The Wellington-run authority that borrows on behalf of councils has proposed their debt limit be raised from 2.5 times income to three times income, but some think this won’t be enough, Dileepa Fonseka reports

The Local Government Funding Agency will put a major debt cap increase to a vote next month. The move will likely free up hundreds of millions of dollars for councils deal with many looming infrastructure projects being done in tandem with the Government, along with calls from small businesses desperate for rates freezes and rates holidays. 

Tauranga Mayor Tenby Powell said the change would allow his council to carry out $200m in improvements that would be “inconceivable” if the cap remained unchanged.

“Tauranga is a city that is lacking in thousands of houses. It’s locked up in terms of its roads. The money that we are going to get must be spent on infrastructure,” Powell said.

In a press release on Monday afternoon, LGFA announced it would ask councils to temporarily increase their debt covenants to 300 percent from 250 percent now. This would apply for the financial years ended 2021 and 2022.

From 2023 onwards, that debt cap would decrease by 5 percent every year until it hit 280 percent in 2026. Councils and the Government will vote on the proposal in June.

Ninety percent of council borrowing is done via the LGFA, where councils raise debt under a covenant that limits their borrowings to 250 percent of revenue. 

“The proposed changes have been discussed with S&P Global Ratings Australia Pty Limited, Fitch Australia Pty Limited and LGFA’s Shareholders’ Council,” LGFA said in a statement. 

‘It will never be cheaper’

Council debt caps were heavily criticised years before the Covid-19 pandemic ripped long term plan forecasts to shreds.

Covid-19 only made things worse, with pressure falling on councils to meet zero rates rise pledges or defer rates.

High growth councils like Auckland, Hamilton, and Tauranga found themselves within spitting distance of debt limits as runaway population growth required them to make major upfront investments in infrastructure. 

LGNZ President Dave Cull said his organisation welcomed LGFA’s announcement that the caps would be raised.

“While it’s taken Covid to do this, it’s been talked about as needed – especially for growth councils – for quite some time.”

“If you’re going to be investing in long-term infrastructure this is the perfect time to be borrowing to do it, because it will never be cheaper,” he said.

Debt cap criticism

Council debt caps have attracted a growing chorus of criticism. 

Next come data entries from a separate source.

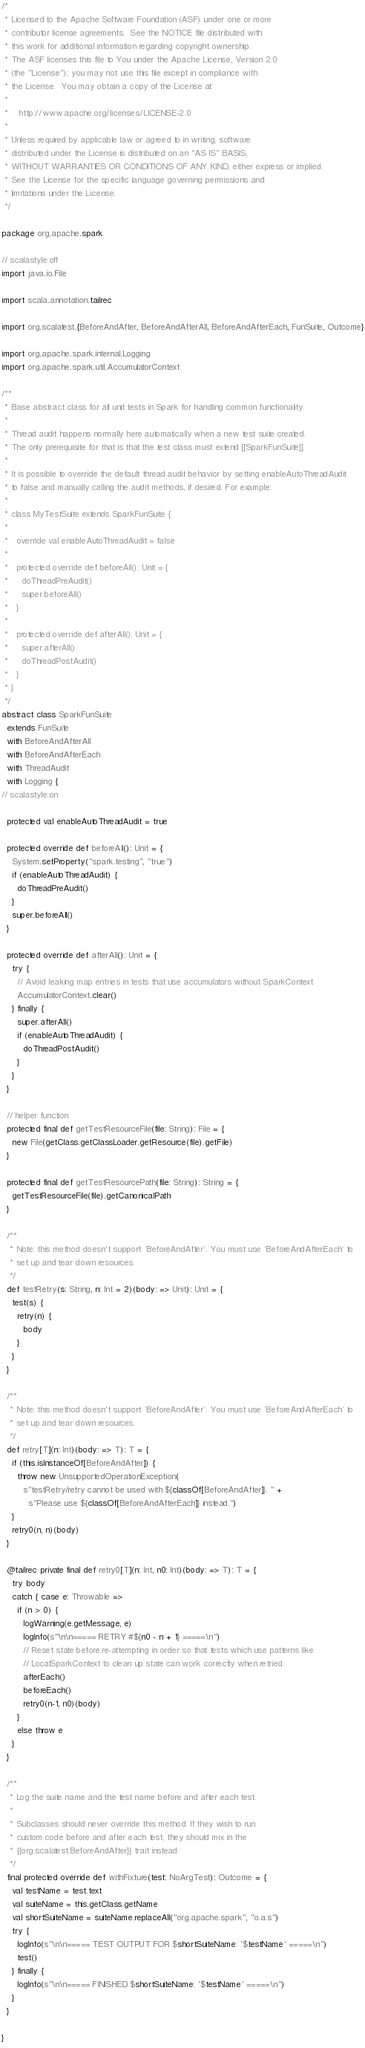Convert code to text. <code><loc_0><loc_0><loc_500><loc_500><_Scala_>/*
 * Licensed to the Apache Software Foundation (ASF) under one or more
 * contributor license agreements.  See the NOTICE file distributed with
 * this work for additional information regarding copyright ownership.
 * The ASF licenses this file to You under the Apache License, Version 2.0
 * (the "License"); you may not use this file except in compliance with
 * the License.  You may obtain a copy of the License at
 *
 *    http://www.apache.org/licenses/LICENSE-2.0
 *
 * Unless required by applicable law or agreed to in writing, software
 * distributed under the License is distributed on an "AS IS" BASIS,
 * WITHOUT WARRANTIES OR CONDITIONS OF ANY KIND, either express or implied.
 * See the License for the specific language governing permissions and
 * limitations under the License.
 */

package org.apache.spark

// scalastyle:off
import java.io.File

import scala.annotation.tailrec

import org.scalatest.{BeforeAndAfter, BeforeAndAfterAll, BeforeAndAfterEach, FunSuite, Outcome}

import org.apache.spark.internal.Logging
import org.apache.spark.util.AccumulatorContext

/**
 * Base abstract class for all unit tests in Spark for handling common functionality.
 *
 * Thread audit happens normally here automatically when a new test suite created.
 * The only prerequisite for that is that the test class must extend [[SparkFunSuite]].
 *
 * It is possible to override the default thread audit behavior by setting enableAutoThreadAudit
 * to false and manually calling the audit methods, if desired. For example:
 *
 * class MyTestSuite extends SparkFunSuite {
 *
 *   override val enableAutoThreadAudit = false
 *
 *   protected override def beforeAll(): Unit = {
 *     doThreadPreAudit()
 *     super.beforeAll()
 *   }
 *
 *   protected override def afterAll(): Unit = {
 *     super.afterAll()
 *     doThreadPostAudit()
 *   }
 * }
 */
abstract class SparkFunSuite
  extends FunSuite
  with BeforeAndAfterAll
  with BeforeAndAfterEach
  with ThreadAudit
  with Logging {
// scalastyle:on

  protected val enableAutoThreadAudit = true

  protected override def beforeAll(): Unit = {
    System.setProperty("spark.testing", "true")
    if (enableAutoThreadAudit) {
      doThreadPreAudit()
    }
    super.beforeAll()
  }

  protected override def afterAll(): Unit = {
    try {
      // Avoid leaking map entries in tests that use accumulators without SparkContext
      AccumulatorContext.clear()
    } finally {
      super.afterAll()
      if (enableAutoThreadAudit) {
        doThreadPostAudit()
      }
    }
  }

  // helper function
  protected final def getTestResourceFile(file: String): File = {
    new File(getClass.getClassLoader.getResource(file).getFile)
  }

  protected final def getTestResourcePath(file: String): String = {
    getTestResourceFile(file).getCanonicalPath
  }

  /**
   * Note: this method doesn't support `BeforeAndAfter`. You must use `BeforeAndAfterEach` to
   * set up and tear down resources.
   */
  def testRetry(s: String, n: Int = 2)(body: => Unit): Unit = {
    test(s) {
      retry(n) {
        body
      }
    }
  }

  /**
   * Note: this method doesn't support `BeforeAndAfter`. You must use `BeforeAndAfterEach` to
   * set up and tear down resources.
   */
  def retry[T](n: Int)(body: => T): T = {
    if (this.isInstanceOf[BeforeAndAfter]) {
      throw new UnsupportedOperationException(
        s"testRetry/retry cannot be used with ${classOf[BeforeAndAfter]}. " +
          s"Please use ${classOf[BeforeAndAfterEach]} instead.")
    }
    retry0(n, n)(body)
  }

  @tailrec private final def retry0[T](n: Int, n0: Int)(body: => T): T = {
    try body
    catch { case e: Throwable =>
      if (n > 0) {
        logWarning(e.getMessage, e)
        logInfo(s"\n\n===== RETRY #${n0 - n + 1} =====\n")
        // Reset state before re-attempting in order so that tests which use patterns like
        // LocalSparkContext to clean up state can work correctly when retried.
        afterEach()
        beforeEach()
        retry0(n-1, n0)(body)
      }
      else throw e
    }
  }

  /**
   * Log the suite name and the test name before and after each test.
   *
   * Subclasses should never override this method. If they wish to run
   * custom code before and after each test, they should mix in the
   * {{org.scalatest.BeforeAndAfter}} trait instead.
   */
  final protected override def withFixture(test: NoArgTest): Outcome = {
    val testName = test.text
    val suiteName = this.getClass.getName
    val shortSuiteName = suiteName.replaceAll("org.apache.spark", "o.a.s")
    try {
      logInfo(s"\n\n===== TEST OUTPUT FOR $shortSuiteName: '$testName' =====\n")
      test()
    } finally {
      logInfo(s"\n\n===== FINISHED $shortSuiteName: '$testName' =====\n")
    }
  }

}
</code>

Auckland Mayor Phil Goff said he wanted to renegotiate debt caps upwards temporarily. Powell called for the cap to be increased to 450 percent. Sense Partners economist Shamubeel Eaqub tagged debt ceilings as ‘idiotic’ and said they discouraged investment at a time when it was most needed.

Adding further weight to their views is a report predicting sliding revenues from council services post-Covid, reducing the ability of councils to borrow and spend during a major downturn. This would in turn compound regional economic woes.

In a presentation to investors LGFA said the report forecast a 20 percent decline in revenues across all councils due to Covid-19. 

“In dollar terms this equates to a loss of revenue to the sector of between $355 million and $1.5 billion.”

LGFA’s shareholders largely consist of the councils who borrow money through it. Interest rates are low because councils are able to pool their risk. 80 percent of its shares are owned by 30 councils, 20 percent by Government. 

‘Don’t stop now’

LGFA’s presentation also showed a Reserve Bank initiative to buy local government debt had driven bond yields down. 

And with interest rates at historic lows, some are saying further savings could be made by refinancing existing local Government debt. 

Eaqub said local government bond yields had tracked down from 5 percent to about 1.5 percent today. Many councils still carried debts at those older interest rates.

Local government bond yields have been driven down by the RBNZ. Source: LGFA

High-debt councils like Tauranga were using up to to 13 percent of their rates income to make payments on that debt. If the debt could be refinanced at new low interest rates those costs could be halved.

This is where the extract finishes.